Inclusion Arena: An Open Platform for Evaluating Large Foundation Models with Real-World Apps
作者: Kangyu Wang, Hongliang He, Lin Liu, Ruiqi Liang, Zhenzhong Lan, Jianguo Li
分类: cs.AI, cs.CL, cs.HC
发布日期: 2025-08-15 (更新: 2025-09-02)
备注: Our platform is publicly accessible at https://www.tbox.cn/about/model-ranking
💡 一句话要点
提出Inclusion Arena以解决LLMs与真实应用评估的不足问题
🎯 匹配领域: 支柱一:机器人控制 (Robot Control) 支柱九:具身大模型 (Embodied Foundation Models)
关键词: 大型语言模型 多模态模型 模型评估 用户反馈 实时排行榜
📋 核心要点
- 现有的评估方法多依赖静态数据集,无法真实反映大型语言模型在实际应用中的表现,存在评估不准确的问题。
- Inclusion Arena通过实时收集用户反馈,结合成对比较的方法,确保评估结果更贴近实际使用场景,提高了模型排名的可靠性。

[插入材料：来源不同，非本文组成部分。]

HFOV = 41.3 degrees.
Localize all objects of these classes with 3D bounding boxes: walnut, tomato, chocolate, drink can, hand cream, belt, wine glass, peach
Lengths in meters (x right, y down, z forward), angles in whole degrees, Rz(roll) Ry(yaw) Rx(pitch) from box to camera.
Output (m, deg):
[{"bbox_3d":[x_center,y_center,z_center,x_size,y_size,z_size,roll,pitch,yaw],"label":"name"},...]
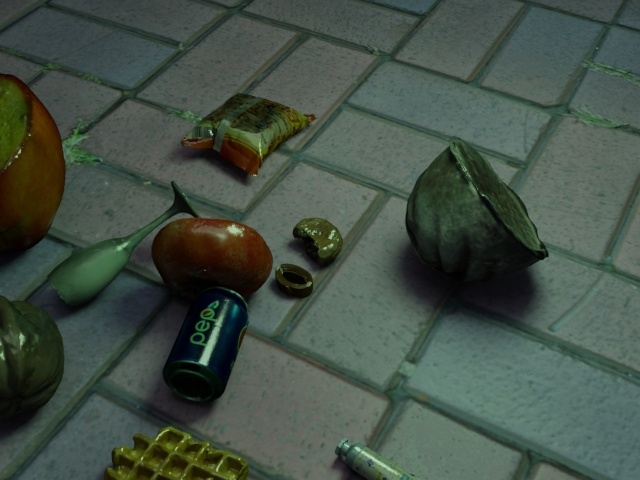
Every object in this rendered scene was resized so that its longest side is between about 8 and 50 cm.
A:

- 实验证明,Inclusion Arena在数据传递性上优于传统众包数据集,并显著降低了恶意操控的风险,提升了模型评估的稳定性。
📝 摘要(中文)
大型语言模型(LLMs)和多模态大型语言模型(MLLMs)在各类场景中展现出接近人类的性能。然而,现有的基准测试和排行榜大多依赖静态数据集或众包的通用提示,无法真实反映模型在实际应用中的表现。为此,本文提出了Inclusion Arena,一个基于人类反馈的实时排行榜,旨在通过自然用户交互中的成对模型比较来评估模型性能。该平台采用Bradley-Terry模型,并引入了Placement Matches和Proximity Sampling等创新机制,以提高模型排名的可靠性和稳定性。实证分析表明,Inclusion Arena能够有效降低恶意操控风险,并促进LLMs和MLLMs的用户中心化发展。
🔬 方法详解
问题定义:本文旨在解决现有大型语言模型评估方法在真实应用场景中表现不佳的问题。现有方法往往依赖静态数据集,无法准确反映模型的实际性能。
核心思路:Inclusion Arena通过实时收集来自AI驱动应用的用户反馈,结合成对模型比较的方式,确保评估结果更具实用性和准确性。
技术框架:该平台的整体架构包括用户交互模块、反馈收集模块和模型排名模块。用户在使用应用时进行模型比较,系统实时收集反馈并更新模型排名。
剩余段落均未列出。